● EXERCISE PROMPT:
Reproduce exactly, and only, the lines below from the one containing "text Als u het" through the one containing "list een aanduiding".

=== RECORDS PROVIDED ===

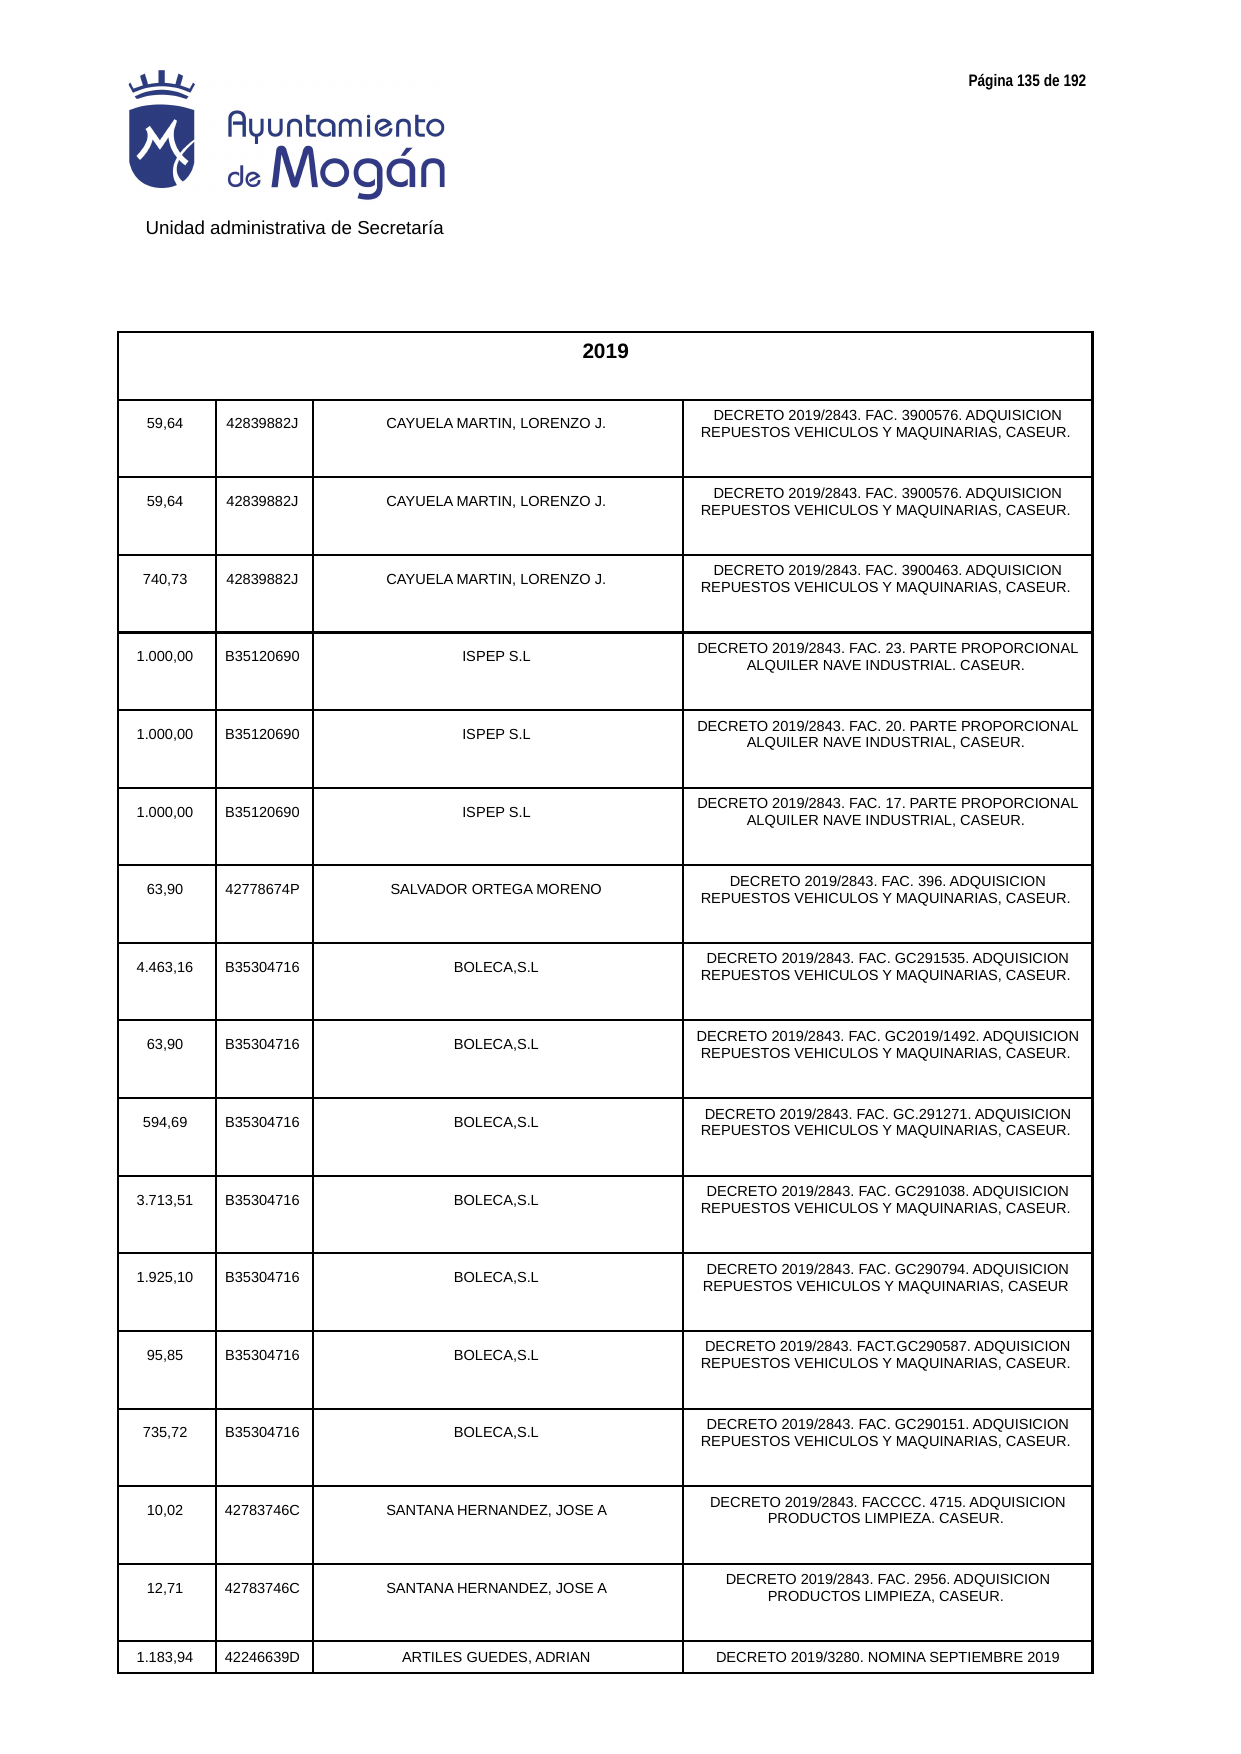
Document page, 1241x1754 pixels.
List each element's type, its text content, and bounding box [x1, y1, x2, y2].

table_cell B35304716 [217, 944, 312, 1019]
table_cell 10,02 [119, 1487, 215, 1563]
table_cell 63,90 [119, 1021, 215, 1097]
table_cell 3.713,51 [119, 1177, 215, 1252]
table_cell SANTANA HERNANDEZ, JOSE A [314, 1487, 682, 1563]
table_cell CAYUELA MARTIN, LORENZO J. [314, 401, 682, 476]
table_cell BOLECA,S.L [314, 1332, 682, 1407]
table_cell 1.000,00 [119, 634, 215, 709]
table_cell B35304716 [217, 1254, 312, 1330]
table_cell DECRETO 2019/2843. FAC. GC.291271. ADQUISICION REPUESTOS VEHICULOS Y MAQUINARIAS, CASEUR. [684, 1099, 1091, 1174]
table_cell B35304716 [217, 1021, 312, 1097]
table_cell 95,85 [119, 1332, 215, 1407]
table_cell SALVADOR ORTEGA MORENO [314, 866, 682, 942]
table_cell ISPEP S.L [314, 634, 682, 709]
table_cell 42839882J [217, 478, 312, 554]
table_cell 59,64 [119, 401, 215, 476]
table_cell 4.463,16 [119, 944, 215, 1019]
table_cell BOLECA,S.L [314, 1410, 682, 1485]
table_cell 12,71 [119, 1565, 215, 1640]
table_cell B35120690 [217, 711, 312, 787]
table_cell ISPEP S.L [314, 711, 682, 787]
table_cell 42246639D [217, 1642, 312, 1672]
table_cell 1.000,00 [119, 789, 215, 864]
table_cell 740,73 [119, 556, 215, 631]
table_cell DECRETO 2019/2843. FAC. GC290794. ADQUISICION REPUESTOS VEHICULOS Y MAQUINARIAS, CASEUR [684, 1254, 1091, 1330]
table_cell DECRETO 2019/2843. FAC. GC290151. ADQUISICION REPUESTOS VEHICULOS Y MAQUINARIAS, CASEUR. [684, 1410, 1091, 1485]
table_cell 1.925,10 [119, 1254, 215, 1330]
table_cell 42778674P [217, 866, 312, 942]
table_cell 594,69 [119, 1099, 215, 1174]
table_cell 735,72 [119, 1410, 215, 1485]
table_cell SANTANA HERNANDEZ, JOSE A [314, 1565, 682, 1640]
table_cell DECRETO 2019/2843. FAC. 2956. ADQUISICION PRODUCTOS LIMPIEZA, CASEUR. [684, 1565, 1091, 1640]
table_cell 1.183,94 [119, 1642, 215, 1672]
table_cell B35304716 [217, 1332, 312, 1407]
table_cell DECRETO 2019/2843. FACT.GC290587. ADQUISICION REPUESTOS VEHICULOS Y MAQUINARIAS, CASEUR. [684, 1332, 1091, 1407]
table_cell DECRETO 2019/2843. FAC. 23. PARTE PROPORCIONAL ALQUILER NAVE INDUSTRIAL. CASEUR. [684, 634, 1091, 709]
table_cell 59,64 [119, 478, 215, 554]
table_cell 42839882J [217, 401, 312, 476]
table_cell CAYUELA MARTIN, LORENZO J. [314, 556, 682, 631]
picture [128, 70, 445, 206]
table_cell B35304716 [217, 1177, 312, 1252]
table_cell 42783746C [217, 1487, 312, 1563]
table_header 2019 [119, 333, 1091, 398]
table_cell DECRETO 2019/2843. FAC. 17. PARTE PROPORCIONAL ALQUILER NAVE INDUSTRIAL, CASEUR. [684, 789, 1091, 864]
table_cell BOLECA,S.L [314, 944, 682, 1019]
table_cell BOLECA,S.L [314, 1099, 682, 1174]
table_cell DECRETO 2019/2843. FAC. 3900576. ADQUISICION REPUESTOS VEHICULOS Y MAQUINARIAS, CASEUR. [684, 478, 1091, 554]
table_cell ARTILES GUEDES, ADRIAN [314, 1642, 682, 1672]
table_cell BOLECA,S.L [314, 1254, 682, 1330]
table_cell 42839882J [217, 556, 312, 631]
table_cell DECRETO 2019/2843. FAC. GC2019/1492. ADQUISICION REPUESTOS VEHICULOS Y MAQUINARIAS, CASEUR. [684, 1021, 1091, 1097]
table_cell DECRETO 2019/2843. FAC. GC291038. ADQUISICION REPUESTOS VEHICULOS Y MAQUINARIAS, CASEUR. [684, 1177, 1091, 1252]
table_cell DECRETO 2019/2843. FAC. 3900463. ADQUISICION REPUESTOS VEHICULOS Y MAQUINARIAS, CASEUR. [684, 556, 1091, 631]
table_cell DECRETO 2019/2843. FAC. 396. ADQUISICION REPUESTOS VEHICULOS Y MAQUINARIAS, CASEUR. [684, 866, 1091, 942]
table_cell B35120690 [217, 634, 312, 709]
table_cell DECRETO 2019/3280. NOMINA SEPTIEMBRE 2019 [684, 1642, 1091, 1672]
table_cell DECRETO 2019/2843. FAC. GC291535. ADQUISICION REPUESTOS VEHICULOS Y MAQUINARIAS, CASEUR. [684, 944, 1091, 1019]
table_cell ISPEP S.L [314, 789, 682, 864]
table_cell 42783746C [217, 1565, 312, 1640]
table_cell B35120690 [217, 789, 312, 864]
table_cell DECRETO 2019/2843. FAC. 20. PARTE PROPORCIONAL ALQUILER NAVE INDUSTRIAL, CASEUR. [684, 711, 1091, 787]
table_cell B35304716 [217, 1410, 312, 1485]
table_cell BOLECA,S.L [314, 1177, 682, 1252]
table_cell 63,90 [119, 866, 215, 942]
table_cell DECRETO 2019/2843. FAC. 3900576. ADQUISICION REPUESTOS VEHICULOS Y MAQUINARIAS, CASEUR. [684, 401, 1091, 476]
table_cell CAYUELA MARTIN, LORENZO J. [314, 478, 682, 554]
table_cell B35304716 [217, 1099, 312, 1174]
table_cell DECRETO 2019/2843. FACCCC. 4715. ADQUISICION PRODUCTOS LIMPIEZA. CASEUR. [684, 1487, 1091, 1563]
table_cell BOLECA,S.L [314, 1021, 682, 1097]
table_cell 1.000,00 [119, 711, 215, 787]
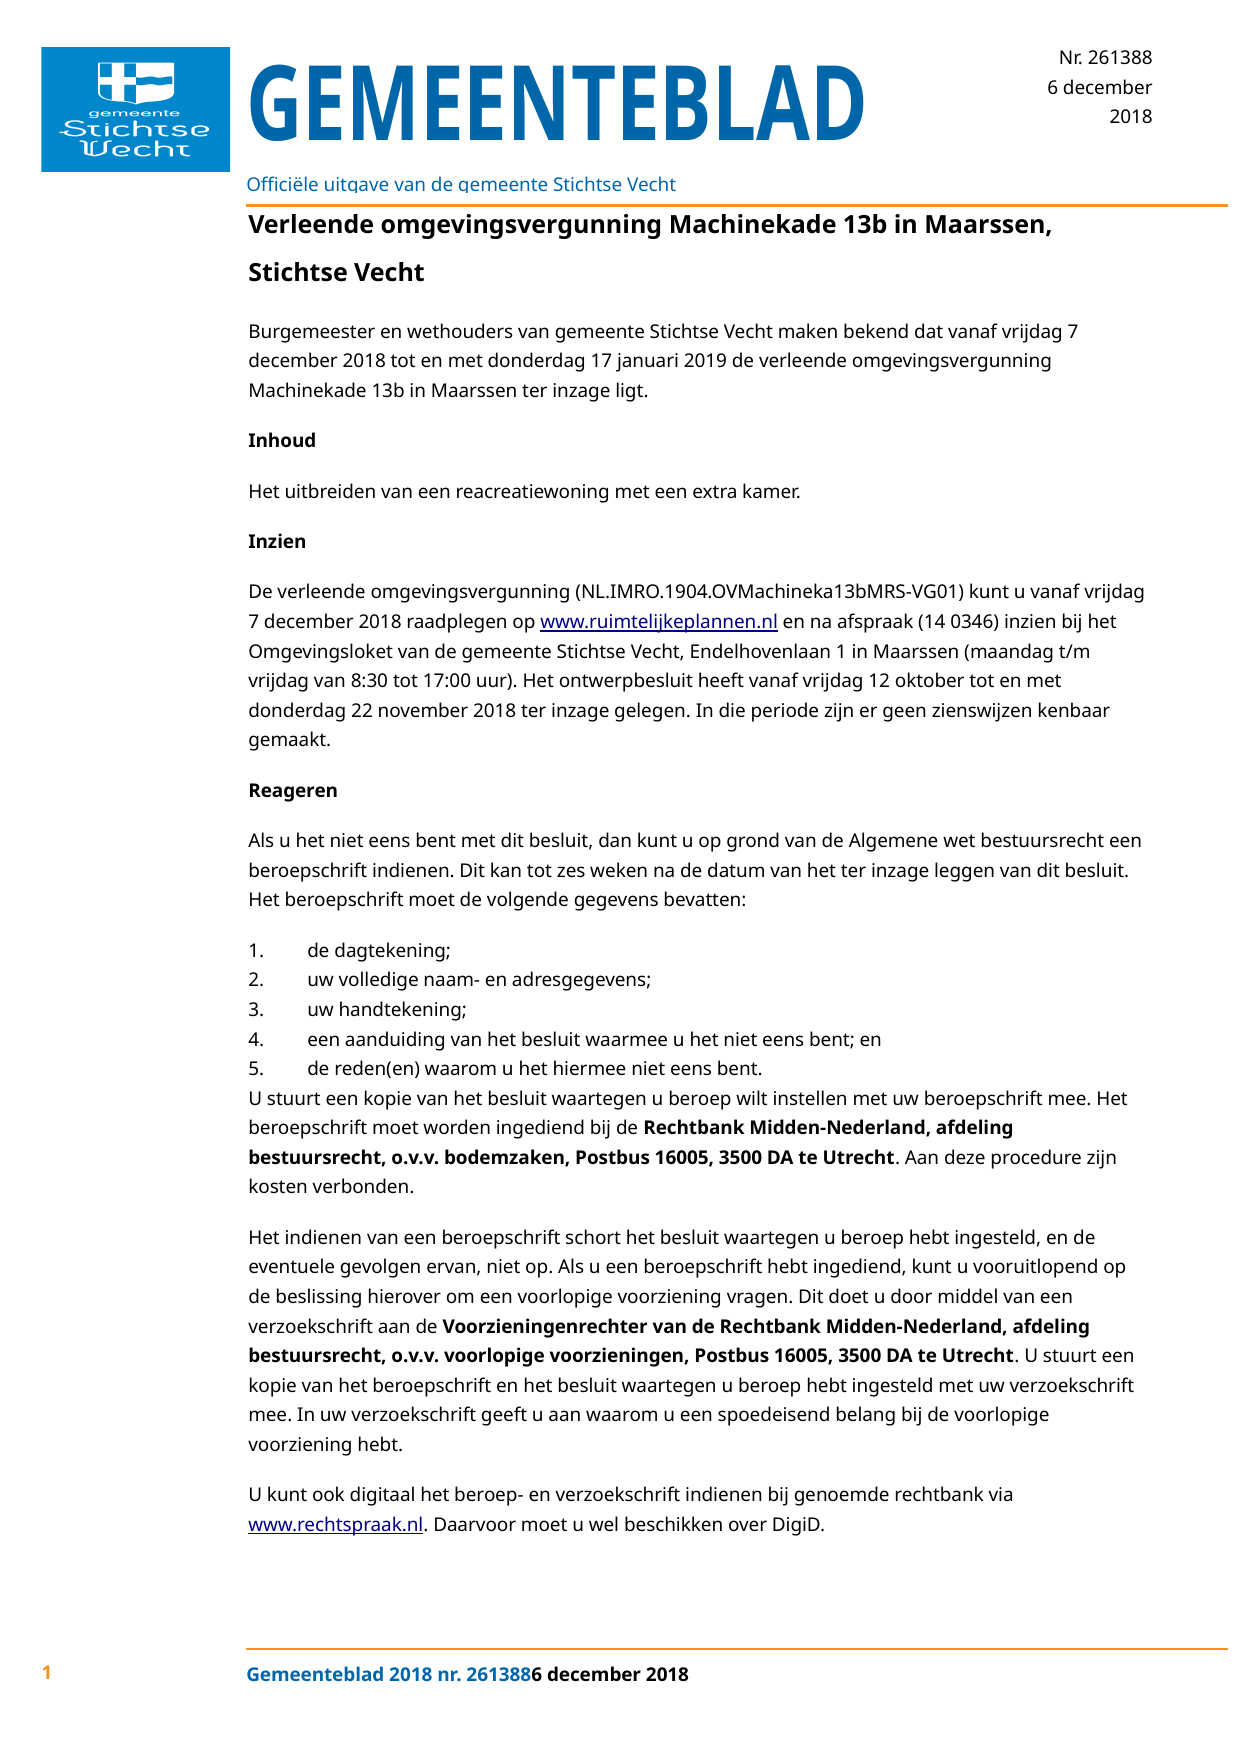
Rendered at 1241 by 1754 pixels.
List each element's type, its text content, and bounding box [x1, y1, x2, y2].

text U kunt ook digitaal het beroep- en verzoekschrift indienen bij genoemde rechtbank via www.rechtspraak.nl. Daarvoor moet u wel beschikken over DigiD. [248, 1482, 1152, 1537]
text U stuurt een kopie van het besluit waartegen u beroep wilt instellen met uw beroepschrift mee. Het beroepschrift moet worden ingediend bij de Rechtbank Midden-Nederland, afdeling bestuursrecht, o.v.v. bodemzaken, Postbus 16005, 3500 DA te Utrecht. Aan deze procedure zijn kosten verbonden. [248, 1085, 1152, 1199]
text De verleende omgevingsvergunning (NL.IMRO.1904.OVMachineka13bMRS-VG01) kunt u vanaf vrijdag 7 december 2018 raadplegen op www.ruimtelijkeplannen.nl en na afspraak (14 0346) inzien bij het Omgevingsloket van de gemeente Stichtse Vecht, Endelhovenlaan 1 in Maarssen (maandag t/m vrijdag van 8:30 tot 17:00 uur). Het ontwerpbesluit heeft vanaf vrijdag 12 oktober tot en met donderdag 22 november 2018 ter inzage gelegen. In die periode zijn er geen zienswijzen kenbaar gemaakt. [248, 579, 1152, 752]
text Het uitbreiden van een reacreatiewoning met een extra kamer. [248, 478, 1152, 504]
picture [137, 63, 174, 103]
text Reageren [248, 777, 1152, 803]
list uw volledige naam- en adresgegevens; [248, 967, 1152, 992]
text Verleende omgevingsvergunning Machinekade 13b in Maarssen, Stichtse Vecht [248, 207, 1152, 288]
list de dagtekening; [248, 937, 1152, 963]
text Als u het niet eens bent met dit besluit, dan kunt u op grond van de Algemene wet bestuursrecht een beroepschrift indienen. Dit kan tot zes weken na de datum van het ter inzage leggen van dit besluit. Het beroepschrift moet de volgende gegevens bevatten: [248, 827, 1152, 912]
list een aanduiding van het besluit waarmee u het niet eens bent; en [248, 1026, 1152, 1052]
text Burgemeester en wethouders van gemeente Stichtse Vecht maken bekend dat vanaf vrijdag 7 december 2018 tot en met donderdag 17 januari 2019 de verleende omgevingsvergunning Machinekade 13b in Maarssen ter inzage ligt. [248, 318, 1152, 403]
text Het indienen van een beroepschrift schort het besluit waartegen u beroep hebt ingesteld, en de eventuele gevolgen ervan, niet op. Als u een beroepschrift hebt ingediend, kunt u vooruitlopend op de beslissing hierover om een voorlopige voorziening vragen. Dit doet u door middel van een verzoekschrift aan de Voorzieningenrechter van de Rechtbank Midden-Nederland, afdeling bestuursrecht, o.v.v. voorlopige voorzieningen, Postbus 16005, 3500 DA te Utrecht. U stuurt een kopie van het beroepschrift en het besluit waartegen u beroep hebt ingesteld met uw verzoekschrift mee. In uw verzoekschrift geeft u aan waarom u een spoedeisend belang bij de voorlopige voorziening hebt. [248, 1224, 1152, 1457]
picture [99, 63, 135, 101]
text Inzien [248, 528, 1152, 554]
list uw handtekening; [248, 996, 1152, 1022]
text Inhoud [248, 427, 1152, 453]
list de reden(en) waarom u het hiermee niet eens bent. [248, 1055, 1152, 1081]

===

● EXPECTED OUTPUT:
text Als u het niet eens bent met dit besluit, dan kunt u op grond van de Algemene wet bestuursrecht een beroepschrift indienen. Dit kan tot zes weken na de datum van het ter inzage leggen van dit besluit. Het beroepschrift moet de volgende gegevens bevatten: [248, 827, 1152, 912]
list een aanduiding van het besluit waarmee u het niet eens bent; en [248, 1026, 1152, 1052]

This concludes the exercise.